Mitochondria are widely thought to have evolved from ordinary bacteria that were captured by larger, single-celled organisms. They carry out several key functions in cells. Most importantly, they serve as oxygen reactors, using O2 to make cells' basic unit of chemical energy, the molecule ATP. As crucial as mitochondria are to cells, their origins remain somewhat mysterious, although there are clear hints of descent from a more independent organism, widely assumed to have been a bacterium.
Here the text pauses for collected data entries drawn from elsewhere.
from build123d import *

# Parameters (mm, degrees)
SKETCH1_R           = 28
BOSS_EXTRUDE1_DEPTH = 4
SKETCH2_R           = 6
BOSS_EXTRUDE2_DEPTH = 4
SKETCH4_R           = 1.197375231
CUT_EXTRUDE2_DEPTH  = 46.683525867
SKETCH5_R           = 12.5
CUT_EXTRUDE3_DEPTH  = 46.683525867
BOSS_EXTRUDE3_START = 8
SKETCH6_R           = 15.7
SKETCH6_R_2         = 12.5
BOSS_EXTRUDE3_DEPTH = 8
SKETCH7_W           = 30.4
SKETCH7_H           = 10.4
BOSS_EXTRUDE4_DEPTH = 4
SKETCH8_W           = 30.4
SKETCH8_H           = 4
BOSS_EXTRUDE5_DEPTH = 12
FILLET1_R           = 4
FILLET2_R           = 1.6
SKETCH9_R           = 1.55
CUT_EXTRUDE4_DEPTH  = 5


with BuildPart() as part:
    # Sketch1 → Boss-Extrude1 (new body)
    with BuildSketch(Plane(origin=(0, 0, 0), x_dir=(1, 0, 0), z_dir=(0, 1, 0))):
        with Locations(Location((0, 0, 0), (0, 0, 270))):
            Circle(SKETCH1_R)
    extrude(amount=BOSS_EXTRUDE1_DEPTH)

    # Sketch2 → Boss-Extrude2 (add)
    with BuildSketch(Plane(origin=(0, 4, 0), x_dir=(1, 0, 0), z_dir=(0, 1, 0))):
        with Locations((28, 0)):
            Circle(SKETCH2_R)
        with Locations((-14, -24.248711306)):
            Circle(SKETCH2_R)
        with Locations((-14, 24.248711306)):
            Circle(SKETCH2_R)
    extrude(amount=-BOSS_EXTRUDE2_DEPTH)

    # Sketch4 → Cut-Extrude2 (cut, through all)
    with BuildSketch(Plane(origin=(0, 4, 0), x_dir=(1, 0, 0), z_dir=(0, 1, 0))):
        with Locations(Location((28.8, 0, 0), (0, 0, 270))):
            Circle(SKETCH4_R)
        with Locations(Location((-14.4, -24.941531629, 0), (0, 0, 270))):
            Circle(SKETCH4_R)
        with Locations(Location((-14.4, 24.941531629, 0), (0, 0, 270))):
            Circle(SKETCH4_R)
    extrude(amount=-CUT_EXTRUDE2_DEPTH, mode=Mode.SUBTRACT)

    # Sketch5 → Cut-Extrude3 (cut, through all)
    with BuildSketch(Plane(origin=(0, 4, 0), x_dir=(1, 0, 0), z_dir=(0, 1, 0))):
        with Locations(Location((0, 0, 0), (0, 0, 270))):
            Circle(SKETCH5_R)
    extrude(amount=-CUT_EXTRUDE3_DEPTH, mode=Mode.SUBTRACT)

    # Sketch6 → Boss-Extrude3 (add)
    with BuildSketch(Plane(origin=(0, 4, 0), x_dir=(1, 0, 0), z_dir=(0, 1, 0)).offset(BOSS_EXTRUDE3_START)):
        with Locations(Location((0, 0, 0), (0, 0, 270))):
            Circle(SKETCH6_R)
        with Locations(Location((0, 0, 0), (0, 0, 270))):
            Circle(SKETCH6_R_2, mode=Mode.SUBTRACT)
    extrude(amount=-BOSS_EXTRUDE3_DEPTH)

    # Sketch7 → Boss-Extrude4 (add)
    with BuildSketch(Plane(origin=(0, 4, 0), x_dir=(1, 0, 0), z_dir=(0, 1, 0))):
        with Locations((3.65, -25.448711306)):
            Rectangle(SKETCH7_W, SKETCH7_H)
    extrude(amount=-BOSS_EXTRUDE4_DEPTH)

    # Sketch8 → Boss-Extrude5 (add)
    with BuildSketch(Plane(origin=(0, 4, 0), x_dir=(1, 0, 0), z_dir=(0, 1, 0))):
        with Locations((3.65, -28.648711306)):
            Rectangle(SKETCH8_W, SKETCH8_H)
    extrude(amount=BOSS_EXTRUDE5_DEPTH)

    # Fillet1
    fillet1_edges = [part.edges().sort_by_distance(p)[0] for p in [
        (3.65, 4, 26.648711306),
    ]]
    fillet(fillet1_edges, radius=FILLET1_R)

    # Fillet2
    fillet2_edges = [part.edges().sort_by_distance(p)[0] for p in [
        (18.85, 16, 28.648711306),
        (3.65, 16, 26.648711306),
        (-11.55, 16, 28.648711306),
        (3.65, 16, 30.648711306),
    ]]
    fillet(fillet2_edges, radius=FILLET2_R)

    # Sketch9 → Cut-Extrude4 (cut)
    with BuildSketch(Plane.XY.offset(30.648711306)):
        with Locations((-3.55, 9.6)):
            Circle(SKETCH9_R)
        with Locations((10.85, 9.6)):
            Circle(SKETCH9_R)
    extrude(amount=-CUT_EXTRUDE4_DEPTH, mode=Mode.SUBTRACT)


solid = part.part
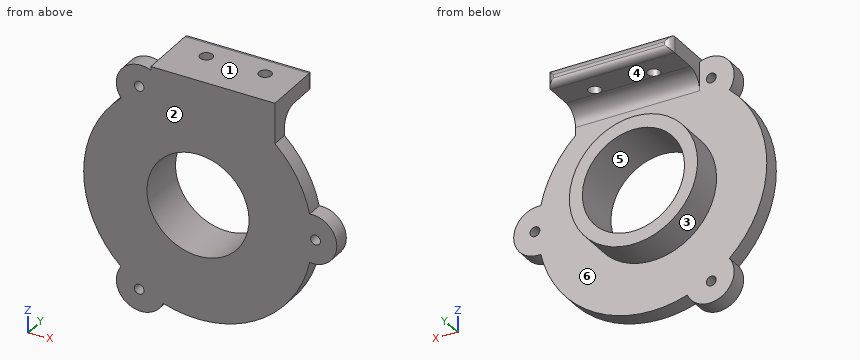
Could you check a few things on this model? Use its own coordinates, in mm. Face numbers are marked on the shaded views. A direction names the side the tool comes from. Round coordinates to 2 decimals unless told otherwise and drop trailing zeros. Loops run counter-clockwise (first coordinate to the right, second up) from the corner with the lowest first, then second, coordinate; pieces in that order, holes last. Notation, with made-up numbers: (50.25, 7.25) -> (62.25, 7.25) arc R12 ccw to (62.25, 24.25) -> close; hole circle Ø8 at (47, -21.5). An arc over 180 degrees is marked (long way). Use CSV: the item, a comma, the result in double quotes.
(1) Suppose I cut it at D-D on z = 11.5. Write out the boundary of the cut face in (x, y).
Return value:
outline,"(-25.53, 0) -> (-4.9, 0) -> (-4.9, 12) -> (-10.69, 12) -> (-10.69, 4) -> (-25.53, 4) -> close; (4.9, 0) -> (25.53, 0) -> (25.53, 4) -> (10.69, 4) -> (10.69, 12) -> (4.9, 12) -> close"
(2) Will these pins go through, and if not, where does the flat tip stop? pin 1 Ø6.5 at (y, z) = (10, 28.5) entering from -X; pin 2 Ø1.4 at (x, z) = (-14.4, 24.94) entering from +Y; pin 3 Ø5 at (y, z) = (13.5, -7) entering from +X; pin 4 Ø5 at (x, z) = (21.5, -6.5) entering from +Y.
Return value:
pin 1,"stops at x = -11.55"
pin 2,"passes through"
pin 3,"stops at x = 14.88"
pin 4,"stops at y = 4"
(3) Suppose I cut it at A-A on y = 9.6. Write out the boundary of the cut face in (x, z).
Return value:
outline,"circle Ø31.4 at (0, 0); (-11.55, 26.65) -> (-5.1, 26.65) -> (-5.1, 30.65) -> (-11.55, 30.65) -> close; (-2, 26.65) -> (9.3, 26.65) -> (9.3, 30.65) -> (-2, 30.65) -> close; (12.4, 26.65) -> (18.85, 26.65) -> (18.85, 30.65) -> (12.4, 30.65) -> close; hole circle Ø25 at (0, 0)"
(4) Suppose I cut it at B-B on x = 0. Write out the boundary of the cut face in (y, z).
Return value:
outline,"(0, -28) -> (4, -28) -> (4, -15.7) -> (12, -15.7) -> (12, -12.5) -> (0, -12.5) -> close; (0, 12.5) -> (12, 12.5) -> (12, 15.7) -> (4, 15.7) -> (4, 22.65) arc R4 cw to (8, 26.65) -> (14.4, 26.65) arc R1.6 ccw to (16, 28.25) -> (16, 29.05) arc R1.6 ccw to (14.4, 30.65) -> (0, 30.65) -> close"
(5) If I drill on probe 1 along Z at (x, y) = (-19.5, 3); probe 2 along Z at (x, y) = (1, 11); probe 3 along Y at (x, z) = (10.85, 28.3), over which ranges is the centre line in solid material (lowest first)? Write a range as [from, to].
Return value:
probe 1,"z = [-26.65, -21.85], [-20.09, 20.09], [21.85, 26.65]"
probe 2,"z = [-15.67, -12.46], [12.46, 15.67], [26.65, 30.65]"
probe 3,"y = [0, 8.05], [11.15, 16]"
(6) For the marked faces 4, 5 and 6, which set-ups out of +Z, -Z, +X, -X, +Y, -Y let a thin tool reach every point of the face, with its end or its side?
Return value:
face 4,"+X, -X, +Y"
face 5,"+Y, -Y"
face 6,"+Y"
(7) Suppose I cut it at C-C on x = 10.85. Write out the boundary of the cut face in (y, z).
Return value:
outline,"(0, -25.81) -> (4, -25.81) -> (4, -11.35) -> (12, -11.35) -> (12, -6.21) -> (0, -6.21) -> close; (0, 6.21) -> (12, 6.21) -> (12, 11.35) -> (4, 11.35) -> (4, 22.65) arc R4 cw to (8, 26.65) -> (8.05, 26.65) -> (8.05, 30.65) -> (0, 30.65) -> close; (11.15, 26.65) -> (14.4, 26.65) arc R1.6 ccw to (16, 28.25) -> (16, 29.05) arc R1.6 ccw to (14.4, 30.65) -> (11.15, 30.65) -> close"
(8) If we mould it in two halves opening along Z, with no side actions, what happens to the marked faces 1, 2 and 3? For each: +Z half, -Z half, draft (parallel to the pull), parting line (faces both ways), or undercut.
Return value:
face 1,"+Z half"
face 2,"draft"
face 3,"undercut"

Mitochondria have a double-membrane structure like that of some bacteria, and-again, like bacteria-contain their own DNA. Analyses of the mitochondrial genome suggest that it shares an ancient ancestor with modern Rickettsia bacteria, which can live within the cells of their hosts and cause disease. Stronger support for the bacterial origin of mitochondria theory would come from experiments showing that independent bacteria could indeed be transformed, in an evolution-like progression, into mitochondria-like symbionts. To that end, the Scripps Research scientists engineered E. coli bacteria that could live in, depend upon, and provide key assistance to, cells of Saccharomyces cerevisiae, also known as baker's yeast.
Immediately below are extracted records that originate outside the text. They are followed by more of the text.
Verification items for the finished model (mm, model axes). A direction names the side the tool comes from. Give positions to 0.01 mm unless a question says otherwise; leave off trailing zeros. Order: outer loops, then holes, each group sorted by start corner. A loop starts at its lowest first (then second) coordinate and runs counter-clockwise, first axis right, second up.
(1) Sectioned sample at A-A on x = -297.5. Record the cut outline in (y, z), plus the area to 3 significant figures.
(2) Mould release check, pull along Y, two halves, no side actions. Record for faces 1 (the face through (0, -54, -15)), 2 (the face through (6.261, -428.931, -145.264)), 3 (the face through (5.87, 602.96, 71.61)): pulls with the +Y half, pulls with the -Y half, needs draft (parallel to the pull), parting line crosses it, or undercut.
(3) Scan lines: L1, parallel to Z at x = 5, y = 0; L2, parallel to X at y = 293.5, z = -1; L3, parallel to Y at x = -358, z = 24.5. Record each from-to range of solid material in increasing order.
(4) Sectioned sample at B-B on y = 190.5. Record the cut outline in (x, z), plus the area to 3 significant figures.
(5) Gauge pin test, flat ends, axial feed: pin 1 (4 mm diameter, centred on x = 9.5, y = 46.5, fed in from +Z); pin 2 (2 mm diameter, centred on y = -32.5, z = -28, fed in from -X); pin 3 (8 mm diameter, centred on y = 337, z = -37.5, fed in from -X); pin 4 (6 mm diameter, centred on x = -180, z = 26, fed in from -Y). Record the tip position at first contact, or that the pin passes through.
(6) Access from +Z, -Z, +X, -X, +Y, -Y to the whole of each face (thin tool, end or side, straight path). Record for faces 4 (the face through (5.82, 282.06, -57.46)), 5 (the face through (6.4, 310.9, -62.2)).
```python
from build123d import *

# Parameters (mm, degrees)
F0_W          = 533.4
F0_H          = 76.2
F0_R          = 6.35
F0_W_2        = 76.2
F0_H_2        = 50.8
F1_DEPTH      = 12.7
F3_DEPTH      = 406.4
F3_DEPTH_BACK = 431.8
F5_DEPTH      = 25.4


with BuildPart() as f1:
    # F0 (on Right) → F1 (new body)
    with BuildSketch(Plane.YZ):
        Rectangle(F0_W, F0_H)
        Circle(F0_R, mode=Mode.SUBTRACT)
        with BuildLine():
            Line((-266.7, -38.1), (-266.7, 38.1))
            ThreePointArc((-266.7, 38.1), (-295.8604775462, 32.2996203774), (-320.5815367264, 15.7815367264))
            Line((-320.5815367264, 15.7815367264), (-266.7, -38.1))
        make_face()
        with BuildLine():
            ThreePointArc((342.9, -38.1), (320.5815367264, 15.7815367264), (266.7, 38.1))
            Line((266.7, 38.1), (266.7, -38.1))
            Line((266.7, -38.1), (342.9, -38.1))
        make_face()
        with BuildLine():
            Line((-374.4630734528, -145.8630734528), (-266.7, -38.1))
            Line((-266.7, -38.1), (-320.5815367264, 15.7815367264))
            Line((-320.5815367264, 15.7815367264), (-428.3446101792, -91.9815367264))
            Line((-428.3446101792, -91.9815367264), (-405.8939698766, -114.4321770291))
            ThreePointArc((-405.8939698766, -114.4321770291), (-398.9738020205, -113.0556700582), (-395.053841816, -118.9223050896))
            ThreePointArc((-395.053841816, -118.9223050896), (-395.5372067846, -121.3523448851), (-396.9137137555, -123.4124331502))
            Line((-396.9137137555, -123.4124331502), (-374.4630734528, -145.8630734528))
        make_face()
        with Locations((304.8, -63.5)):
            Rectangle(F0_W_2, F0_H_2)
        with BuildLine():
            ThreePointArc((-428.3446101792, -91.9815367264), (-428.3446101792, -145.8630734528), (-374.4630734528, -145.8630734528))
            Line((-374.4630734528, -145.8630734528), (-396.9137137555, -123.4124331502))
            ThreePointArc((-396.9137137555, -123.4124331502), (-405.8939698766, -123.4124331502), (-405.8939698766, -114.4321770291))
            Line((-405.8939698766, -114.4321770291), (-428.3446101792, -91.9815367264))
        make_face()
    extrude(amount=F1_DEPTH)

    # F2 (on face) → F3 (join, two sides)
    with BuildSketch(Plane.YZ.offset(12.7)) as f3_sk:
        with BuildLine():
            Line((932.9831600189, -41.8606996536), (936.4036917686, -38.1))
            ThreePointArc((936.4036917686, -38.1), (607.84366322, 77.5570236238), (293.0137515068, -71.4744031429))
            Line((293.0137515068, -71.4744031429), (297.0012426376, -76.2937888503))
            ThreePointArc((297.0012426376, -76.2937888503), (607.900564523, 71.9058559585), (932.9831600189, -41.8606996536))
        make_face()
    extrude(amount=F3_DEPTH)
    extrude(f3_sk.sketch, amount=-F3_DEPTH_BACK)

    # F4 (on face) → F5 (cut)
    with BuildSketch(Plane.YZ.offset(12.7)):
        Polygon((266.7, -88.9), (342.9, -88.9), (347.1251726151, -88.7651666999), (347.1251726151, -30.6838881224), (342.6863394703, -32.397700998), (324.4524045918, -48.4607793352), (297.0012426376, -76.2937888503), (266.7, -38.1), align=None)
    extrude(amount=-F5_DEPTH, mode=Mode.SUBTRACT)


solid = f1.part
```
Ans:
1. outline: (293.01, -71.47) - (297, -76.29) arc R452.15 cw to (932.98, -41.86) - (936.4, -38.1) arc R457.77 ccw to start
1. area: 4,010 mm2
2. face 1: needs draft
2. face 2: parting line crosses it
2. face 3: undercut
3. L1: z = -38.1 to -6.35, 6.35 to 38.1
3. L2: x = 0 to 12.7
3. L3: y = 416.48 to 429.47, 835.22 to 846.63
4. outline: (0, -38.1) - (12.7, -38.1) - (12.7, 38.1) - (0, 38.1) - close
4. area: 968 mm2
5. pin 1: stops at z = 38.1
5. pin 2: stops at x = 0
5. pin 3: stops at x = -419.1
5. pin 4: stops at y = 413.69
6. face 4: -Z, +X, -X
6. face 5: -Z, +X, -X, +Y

The researchers started by modifying E. coli to lack the gene encoding thiamin, making the bacteria dependent on the yeast cells for this essential vitamin. At the same time, they added to the bacteria a gene for ADP/ATP translocase, a transporter protein, so that ATP produced within the bacterial cells would be supplied to their yeast-cell hosts-mimicking the central function of real mitochondria. The team also modified the yeast so that their own mitochondria were deficient at supplying ATP. Thus the yeast would be dependent on the bacteria for normal, mitochondria-based ATP production.

The team found that some of the engineered bacteria, after being modified with surface proteins to protect them from being destroyed in the yeast, lived and proliferated in harmony with their hosts for more than 40 generations and appeared to be viable indefinitely. "The modified bacteria seem to accumulate new mutations within the yeast to better adapt to their new surroundings," says Schultz.
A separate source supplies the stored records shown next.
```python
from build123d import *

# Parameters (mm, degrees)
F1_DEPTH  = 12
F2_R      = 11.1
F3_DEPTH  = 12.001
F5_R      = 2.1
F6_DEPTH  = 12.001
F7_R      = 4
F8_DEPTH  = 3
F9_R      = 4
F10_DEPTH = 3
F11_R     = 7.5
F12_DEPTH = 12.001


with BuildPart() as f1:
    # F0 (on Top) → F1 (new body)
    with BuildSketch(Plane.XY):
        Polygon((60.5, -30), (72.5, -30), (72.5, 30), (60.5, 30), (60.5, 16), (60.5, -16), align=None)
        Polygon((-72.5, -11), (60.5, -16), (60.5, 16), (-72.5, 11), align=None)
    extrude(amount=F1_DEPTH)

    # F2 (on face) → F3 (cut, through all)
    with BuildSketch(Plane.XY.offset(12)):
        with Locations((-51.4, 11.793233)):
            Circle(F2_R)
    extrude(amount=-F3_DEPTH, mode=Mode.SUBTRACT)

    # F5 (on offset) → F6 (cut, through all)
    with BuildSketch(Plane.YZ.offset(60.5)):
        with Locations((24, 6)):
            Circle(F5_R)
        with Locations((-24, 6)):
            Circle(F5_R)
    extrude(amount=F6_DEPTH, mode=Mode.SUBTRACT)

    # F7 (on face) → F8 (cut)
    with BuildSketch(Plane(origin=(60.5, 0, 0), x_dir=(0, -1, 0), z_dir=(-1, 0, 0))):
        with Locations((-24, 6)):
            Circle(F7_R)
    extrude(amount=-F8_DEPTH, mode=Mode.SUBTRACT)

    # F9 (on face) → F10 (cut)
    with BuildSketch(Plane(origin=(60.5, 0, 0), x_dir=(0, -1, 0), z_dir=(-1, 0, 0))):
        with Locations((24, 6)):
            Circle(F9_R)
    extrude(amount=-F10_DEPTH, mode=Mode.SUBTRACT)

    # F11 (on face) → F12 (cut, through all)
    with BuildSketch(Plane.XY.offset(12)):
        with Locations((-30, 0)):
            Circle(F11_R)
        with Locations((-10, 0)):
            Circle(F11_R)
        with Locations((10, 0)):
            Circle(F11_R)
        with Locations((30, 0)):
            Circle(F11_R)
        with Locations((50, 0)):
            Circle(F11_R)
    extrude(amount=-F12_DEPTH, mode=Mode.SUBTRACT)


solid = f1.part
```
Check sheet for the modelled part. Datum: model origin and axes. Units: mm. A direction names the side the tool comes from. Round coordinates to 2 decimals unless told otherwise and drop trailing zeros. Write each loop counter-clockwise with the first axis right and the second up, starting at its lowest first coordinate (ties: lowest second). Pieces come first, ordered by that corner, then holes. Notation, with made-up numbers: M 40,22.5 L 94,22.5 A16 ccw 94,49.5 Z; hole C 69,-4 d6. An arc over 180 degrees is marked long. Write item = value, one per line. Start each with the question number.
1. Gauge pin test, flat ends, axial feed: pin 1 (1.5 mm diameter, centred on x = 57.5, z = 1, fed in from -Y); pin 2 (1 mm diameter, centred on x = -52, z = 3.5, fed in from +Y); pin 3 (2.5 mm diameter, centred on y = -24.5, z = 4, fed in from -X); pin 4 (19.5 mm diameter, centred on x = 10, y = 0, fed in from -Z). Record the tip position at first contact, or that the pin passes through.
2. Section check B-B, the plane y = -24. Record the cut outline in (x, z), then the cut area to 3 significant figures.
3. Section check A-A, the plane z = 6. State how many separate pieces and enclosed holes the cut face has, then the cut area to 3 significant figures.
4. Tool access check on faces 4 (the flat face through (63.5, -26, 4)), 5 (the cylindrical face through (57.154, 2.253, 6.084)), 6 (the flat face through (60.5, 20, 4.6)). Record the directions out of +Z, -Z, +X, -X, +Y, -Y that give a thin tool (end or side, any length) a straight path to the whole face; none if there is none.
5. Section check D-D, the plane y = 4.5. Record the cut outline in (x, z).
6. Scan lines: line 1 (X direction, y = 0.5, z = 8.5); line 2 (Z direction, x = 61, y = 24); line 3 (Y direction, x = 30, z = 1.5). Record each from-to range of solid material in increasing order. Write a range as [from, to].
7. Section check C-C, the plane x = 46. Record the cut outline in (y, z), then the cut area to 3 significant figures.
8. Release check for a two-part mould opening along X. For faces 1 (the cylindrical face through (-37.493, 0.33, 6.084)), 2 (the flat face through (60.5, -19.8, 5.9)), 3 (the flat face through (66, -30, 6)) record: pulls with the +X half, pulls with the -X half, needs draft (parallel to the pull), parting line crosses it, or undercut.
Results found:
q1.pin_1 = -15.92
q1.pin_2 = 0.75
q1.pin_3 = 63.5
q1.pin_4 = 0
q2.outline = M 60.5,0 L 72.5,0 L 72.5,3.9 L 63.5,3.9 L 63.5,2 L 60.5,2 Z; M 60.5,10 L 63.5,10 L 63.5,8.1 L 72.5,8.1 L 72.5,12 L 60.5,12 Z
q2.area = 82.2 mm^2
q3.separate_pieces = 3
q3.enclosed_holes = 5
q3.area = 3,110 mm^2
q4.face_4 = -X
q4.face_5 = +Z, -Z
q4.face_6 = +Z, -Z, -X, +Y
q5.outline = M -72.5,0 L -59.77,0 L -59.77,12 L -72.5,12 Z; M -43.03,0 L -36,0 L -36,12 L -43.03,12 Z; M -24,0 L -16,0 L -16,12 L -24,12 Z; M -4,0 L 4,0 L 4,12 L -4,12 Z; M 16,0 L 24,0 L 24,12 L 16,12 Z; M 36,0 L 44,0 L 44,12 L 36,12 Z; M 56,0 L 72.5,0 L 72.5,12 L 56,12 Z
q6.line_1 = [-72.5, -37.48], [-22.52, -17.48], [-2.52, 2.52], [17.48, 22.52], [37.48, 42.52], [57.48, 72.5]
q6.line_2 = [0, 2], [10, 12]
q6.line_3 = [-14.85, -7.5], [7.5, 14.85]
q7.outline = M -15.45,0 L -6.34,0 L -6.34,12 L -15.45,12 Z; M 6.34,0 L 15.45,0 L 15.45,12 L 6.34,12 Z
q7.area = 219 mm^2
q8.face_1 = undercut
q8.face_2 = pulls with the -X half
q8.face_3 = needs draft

With this system established, the team will try to evolve the E. coli to become mitochondria-like organelles. For the new E. coli endosymbiont, adapting to life inside yeast could allow it an opportunity to radically slim its genome. A typical E. coli bacterium, for example, has several thousand genes, whereas mitochondria have evolved a stripped-down set of just 37.

The Scripps Research team rounded out the study with further gene-subtraction experiments, and the results were promising: they found they could eliminate not just the E. coli thiamin gene but also the genes underlying the production of the metabolic molecule NAD and the amino acid serine, and still get a viable symbiosis.

"We are now well on our way to showing that we can delete the genes for making all 20 amino acids, which comprise a significant part of the E. coli genome," says Schultz. "Once we've achieved that, we'll move on to deleting genes for the syntheses of cofactors and nucleotides, and within a few years we hope to be able to get a truly minimal endosymbiotic genome."